Showing posts with label transportation. Show all posts
Showing posts with label transportation. Show all posts

Tuesday, June 21, 2016

Brilliant Billionaires No. 17: Elon Musk's Pipedream, Shooting People Down Tubes

Elon Musk proposes shooting people in capsules at incredible speed down a tube from San Francisco to Los Angeles.

Elon Musk's Re-imagining  ofthe Tube Train. Image source
Judging from the image, right, Musk's tube train
carries only three passengers: all lying down for lack of headroom.

The idea is not new.
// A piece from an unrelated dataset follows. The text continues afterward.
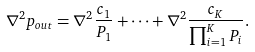<formula> <loc_0><loc_0><loc_500><loc_500>\nabla ^ { 2 } p _ { o u t } = \nabla ^ { 2 } \frac { c _ { 1 } } { P _ { 1 } } + \cdots + \nabla ^ { 2 } \frac { c _ { K } } { \prod _ { i = 1 } ^ { K } P _ { i } } .</formula> 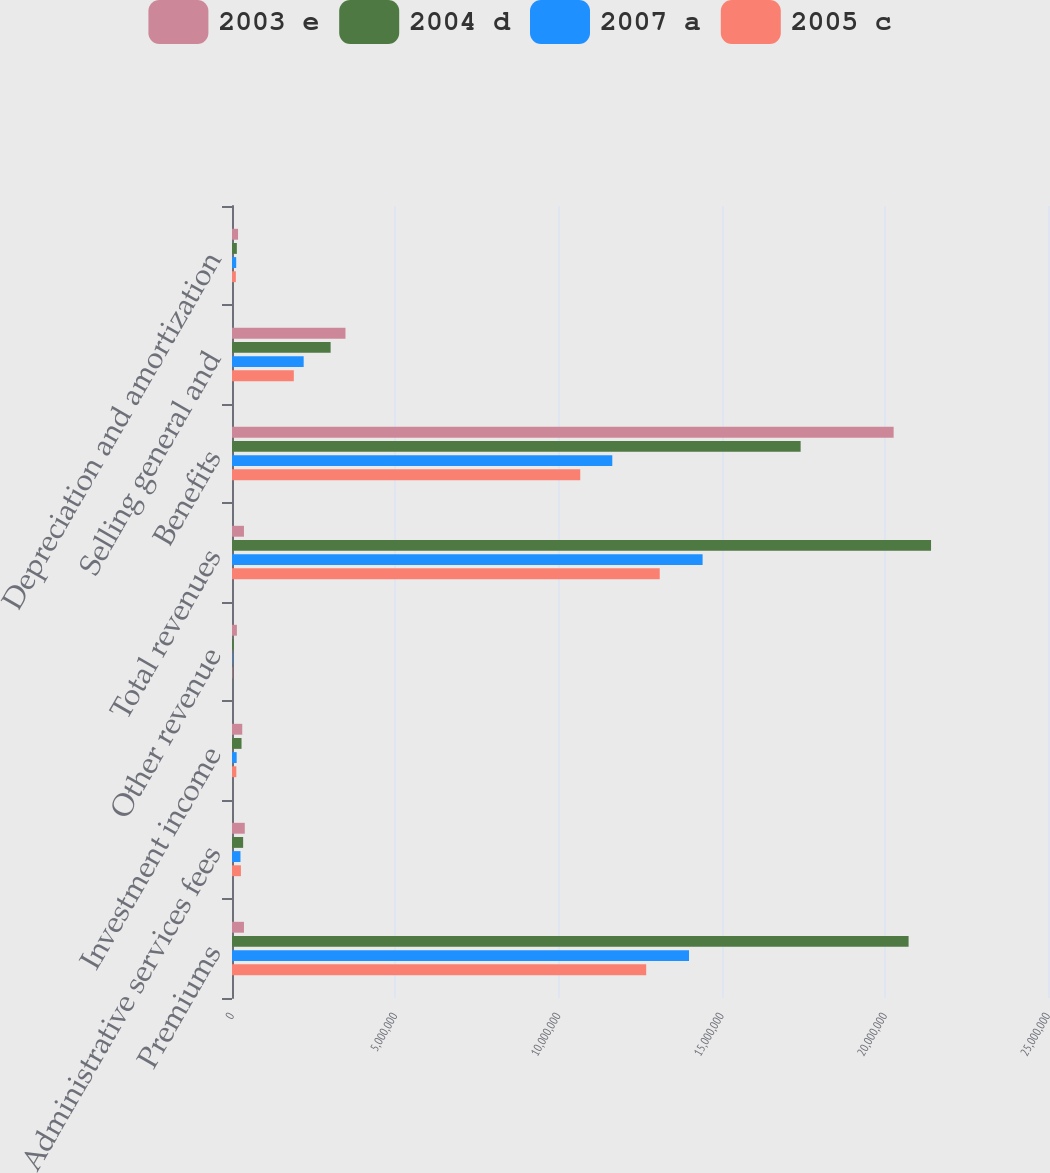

In fact, pneumatic tube systems were a standard feature in many department stores prior to WW2. A sales clerk placed the customer's itemized bill plus their cash in a capsule that was fired upstairs or downstairs as the case might be to the accounting office, where the bill would be checked, change made and returned via the same pneumatic system. Here's a modern version of it:




Musk's proposal is simply to scale the thing up (not much) and shoot people down evacuated tubes at hypersonic speed.

But why? In the age of telepresence via Skype, etc., who needs to be shot down a tube from San Francisco to Los Angeles? Who needs or would want to go to Los Angeles by any means? There is obviously no need, or any sensible demand for such a system, which offers travel under appalling conditions with the risk of being turned into spam should the thing hit the buffers.

The result of applying technology to travel was, until the early post-war era, generally beneficent. The Pullman car beat a horse drawn wagon or stage coach hugely, in comfort, safety and speed. Lulled by the clickety-clack of iron wheels over unwelded rails, the railway passenger could snooze, wool-gather, or quietly work the Times crossword puzzle as the countryside slid by wreathed in puffs of smoke and steam from  the work of mechanical art hauling the train.

Empire flying boat with twin decks, sleeping births, a smoking room and
3000 horse power of motive power. Image source.
The steam powered passenger liner vastly exceeded in speed, reliability, safety and comfort the sailing clipper, while in the air, Britain's Imperial Airways used double-decker Empire flying boats to carry passengers in sophisticated luxury from Southampton Water to the Cape, via Cairo, Luxor, Khartoum, Port Bell, and Victoria Falls — in a mere four and half days.

Sadly, today, travel is reverting to the vast discomforts and dangers of the distant past. If Musk has his way, railways are to be replaced by windowless drainpipes, in which passengers will travel in a recumbent posture in a capsule so small that they are unable to raise their heads, let alone use a washroom. Passenger liners have already been replaced by gigantic floating holiday camps replete with casinos, massage parlors, movie palaces, bars, nightclubs and the opportunity to eat oneself to death, while passenger aircraft are designed like Japanese subway trains to accommodate the maximum number in the minimum of comfort.

But the Russians, at least, aren't sold on the drain train. Instead, they plan on building a 70-kilometer tube track for the transport of goods, which is very sensible. In fact, moving inanimate stuff is what the pneumatic tube system was originally designed for and all it is good for.

What would be clever, though no billionaire has seen fit to do it, is devise plans for reconstruction of cities to allow people to live close to where they work, shop and find rest and recreation, thereby eliminating the need for most travel. Admittedly redeveloping urban settlements would be more expensive than building Musk’s Shotgun Shuttle. But we are in dire need of economic stimulus, and in the long run, the payoff in time and energy saved by abolishing the daily commute would be enormous.